This, of course, is the old cheap-labour fallacy that every protectionist eventually resorts to. Its proponents obviously does not realise that this argument tacitly assumes that labour and land are virtually the only factors of production. But if that were so then wages everywhere would be at a subsistence level.
Capital is the reason they are not and this is why the free exchange of goods does not bring about an equalisation of wages. Only the free movement of labour can do that. If this argument had any substance at all the nineteenth century British textile industry would never have been able to sell masses of cotton goods to India and China where labour was much more abundant relative to capital and thus ‘cheaper’.
According to protectionist thinking, the peoples of Hong Kong and Singapore, both free trade islands, should be suffering a subsistence existence instead of enjoying Western level per capita GDP incomes. (Ironically, European protectionists between the wars argued for tariffs to protect them against export competition from more efficient American workers).
Wages in a country are largely determined by the ratio of labour to the capital structure. The lower this ratio the higher real wages will be. Hence the more capital labour has to work with the more productive it becomes. Moreover, free trade will enhance real wages by encouraging greater specialisation.

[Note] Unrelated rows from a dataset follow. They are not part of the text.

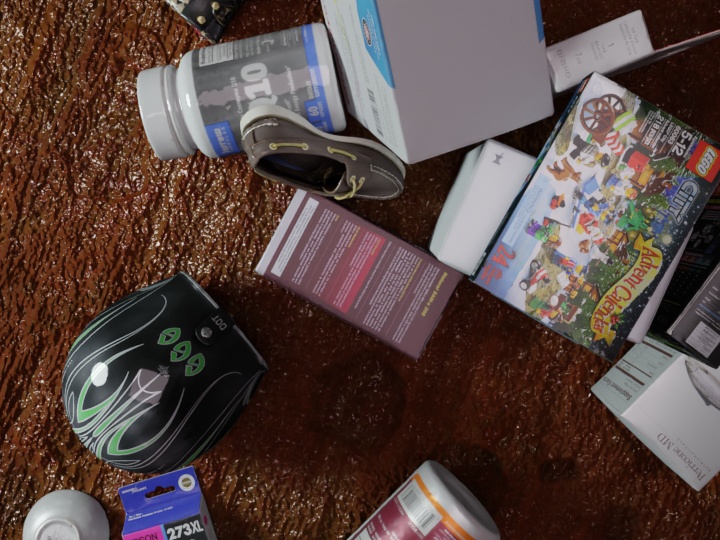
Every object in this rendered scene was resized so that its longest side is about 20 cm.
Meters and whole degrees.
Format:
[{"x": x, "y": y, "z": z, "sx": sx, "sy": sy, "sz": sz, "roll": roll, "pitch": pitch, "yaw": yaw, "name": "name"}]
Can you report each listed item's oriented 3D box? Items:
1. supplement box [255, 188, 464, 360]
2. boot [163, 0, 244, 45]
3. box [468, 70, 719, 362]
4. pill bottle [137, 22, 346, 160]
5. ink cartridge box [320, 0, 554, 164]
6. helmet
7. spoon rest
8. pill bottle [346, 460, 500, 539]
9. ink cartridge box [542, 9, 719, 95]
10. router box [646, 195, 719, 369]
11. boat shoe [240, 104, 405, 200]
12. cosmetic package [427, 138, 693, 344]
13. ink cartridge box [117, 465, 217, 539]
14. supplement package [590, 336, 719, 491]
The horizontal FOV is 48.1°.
[{"x": 0.000, "y": 0.000, "z": 0.877, "sx": 0.199, "sy": 0.061, "sz": 0.109, "roll": 29, "pitch": 95, "yaw": 0, "name": "supplement box"}, {"x": -0.115, "y": -0.303, "z": 0.854, "sx": 0.200, "sy": 0.073, "sz": 0.151, "roll": 40, "pitch": 93, "yaw": 3, "name": "boot"}, {"x": 0.200, "y": -0.044, "z": 0.680, "sx": 0.136, "sy": 0.038, "sz": 0.201, "roll": 29, "pitch": 94, "yaw": 0, "name": "box"}, {"x": -0.122, "y": -0.182, "z": 0.842, "sx": 0.199, "sy": 0.114, "sz": 0.115, "roll": -12, "pitch": 93, "yaw": 2, "name": "pill bottle"}, {"x": 0.062, "y": -0.213, "z": 0.751, "sx": 0.145, "sy": 0.200, "sz": 0.148, "roll": -19, "pitch": 118, "yaw": -8, "name": "ink cartridge box"}, {"x": -0.211, "y": 0.114, "z": 0.835, "sx": 0.191, "sy": 0.200, "sz": 0.200, "roll": -42, "pitch": 92, "yaw": -13, "name": "helmet"}, {"x": -0.345, "y": 0.352, "z": 0.918, "sx": 0.099, "sy": 0.061, "sz": 0.202, "roll": 8, "pitch": 81, "yaw": 0, "name": "spoon rest"}, {"x": 0.044, "y": 0.314, "z": 0.869, "sx": 0.114, "sy": 0.114, "sz": 0.200, "roll": 44, "pitch": 94, "yaw": -2, "name": "pill bottle"}, {"x": 0.244, "y": -0.211, "z": 0.788, "sx": 0.175, "sy": 0.200, "sz": 0.045, "roll": -21, "pitch": 96, "yaw": 2, "name": "ink cartridge box"}, {"x": 0.332, "y": 0.002, "z": 0.798, "sx": 0.062, "sy": 0.200, "sz": 0.150, "roll": 35, "pitch": 94, "yaw": -4, "name": "router box"}, {"x": -0.032, "y": -0.105, "z": 0.825, "sx": 0.072, "sy": 0.199, "sz": 0.060, "roll": -38, "pitch": 49, "yaw": 37, "name": "boat shoe"}, {"x": 0.182, "y": -0.032, "z": 0.801, "sx": 0.198, "sy": 0.200, "sz": 0.124, "roll": 23, "pitch": 94, "yaw": 1, "name": "cosmetic package"}, {"x": -0.207, "y": 0.333, "z": 0.918, "sx": 0.094, "sy": 0.037, "sz": 0.201, "roll": -17, "pitch": 91, "yaw": 2, "name": "ink cartridge box"}, {"x": 0.364, "y": 0.106, "z": 0.846, "sx": 0.117, "sy": 0.117, "sz": 0.200, "roll": 43, "pitch": 94, "yaw": -3, "name": "supplement package"}]

As labour’s efficiency rises with the accumulation of more capital the resulting rise in real wage rates makes it harder and harder for labour intensive processes to compete for labour against the more intensive capital processes. Therefore labour intensive industries move offshore where labour is cheaper and immobile.
This is why, for instance, textile and shoe manufacturers left Taiwan for other parts of Asia. Arguing for protection to retain such industries in the US and Australia is really the same as arguing against capital accumulation. The very thing that made these labour intensive lines of production uncompetitive in the first place!
This is the same argument that the late Bruce Ruxton made when he claimed that “the world’s best cane-cutting machinery cannot compete against countries producing sugar with the help of next to slave labour”. This is so ridiculous that it should not even warrant a reply. And yet this rests at the bottom of the cheap labour fallacy.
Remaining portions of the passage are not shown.